Hacker News new | ask | show | jobs
by imiric 1661 days ago
> This seems like an insane stance to have, it's like saying businesses should ship their own stock, using their own drivers, and their in-house made cars and planes and in-house trained pilots.

> Heck, why stop at having servers on-site? Cast your own silicon waffers, after all you don't want spectrum exploits.

That's an overblown argument. Nobody is saying that, but it's clear that businesses that maintain their own infrastructure would've avoided today's AWS' outage. So just avoiding a single level of abstraction would've kept your company running today.

> Because you are worst at it. If a specialist is this bad, and the market is fully open, then it's because the problem is hard.

The problem is hard mostly because of scale. If you're a small business running a few websites with a few million hits per month, it might be cheaper and easier to colocate a few servers and hire a few DevOps or old-school sysadmins to administer the infrastructure. The tooling is there, and is not much more difficult to manage than a hundred different AWS products. I'm actually more worried about the DevOps trend where engineers are trained purely on cloud infrastructure and don't understand low-level tooling these systems are built on.

> AWS has fewer outages in one zone alone than the best self-hosted institutions, your facebooks and petagons.

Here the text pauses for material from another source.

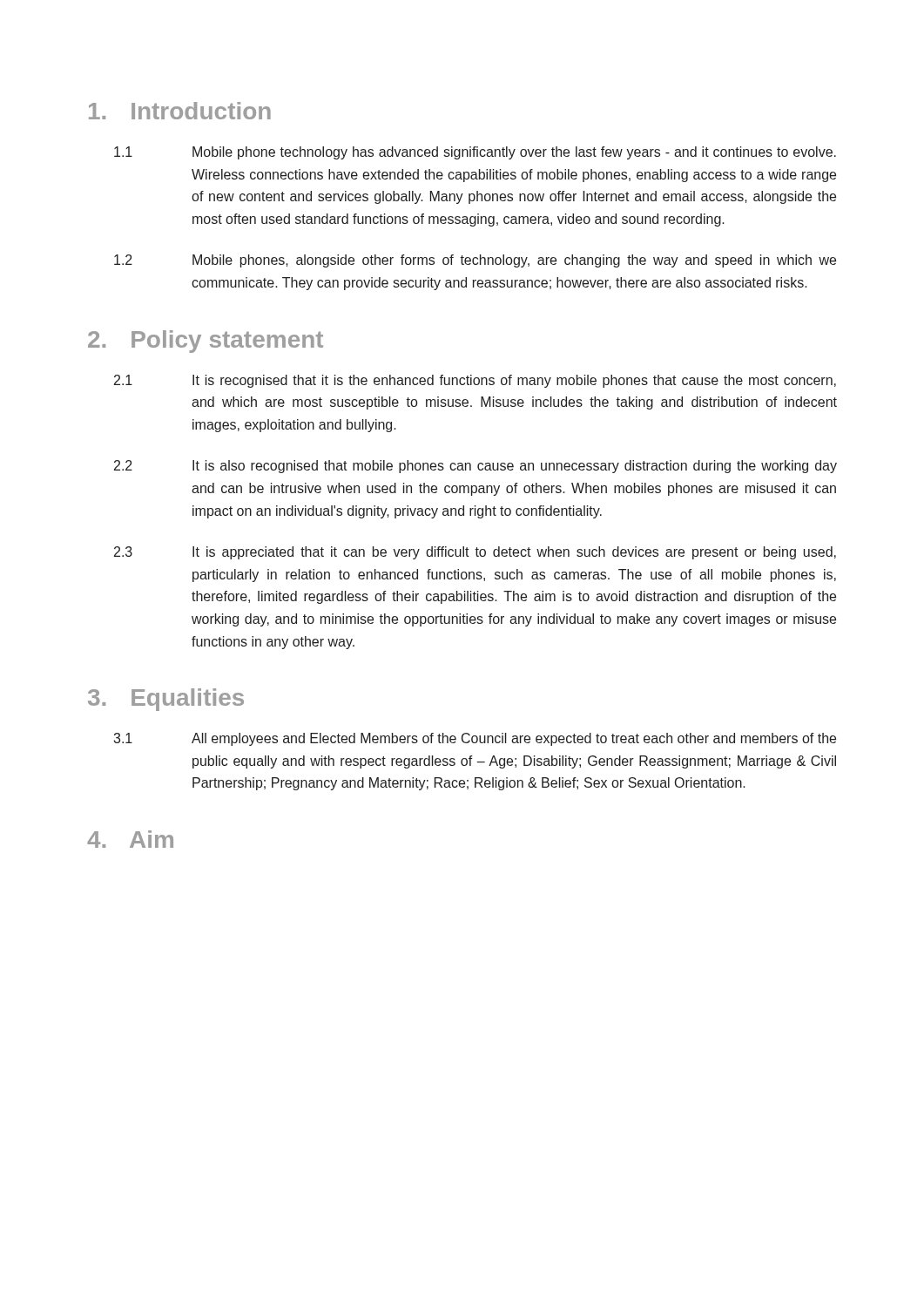Locate the text block starting "2.2 It is also recognised"

tap(462, 489)

In-house servers would lead to an insane amount of outage.

That's anecdotal and would depend on the capability of your DevOps team and your in-house / colocation facility.

> And guess what? AWS (and all other IAAS providers) will beg you to use multiple region because of this. The team/person that has millions of dollars a day staked on a single AWS region is an idiot and could not be entrusted to order a gaming PC from newegg, let alone run an in-house datacenter.

Oh great, so the solution is to put even more of our eggs in a single provider's basket? The real solution would be having failover to a different cloud provider, and the infrastructure changes needed for that are _far_ from trivial. Even with that, there's only 3 major cloud providers you can pick from. Again, colocation in a trusted datacenter would've avoided all of this.

4 comments

>, but it's clear that businesses that maintain their own infrastructure would've avoided today's AWS' outage.

When Netflix was running its own datacenters in 2008, they had a 3 day outage from a database corruption and couldn't ship DVDs to customers. That was the disaster that pushed CEO Reed Hastings to get out of managing his own datacenters and migrate to AWS.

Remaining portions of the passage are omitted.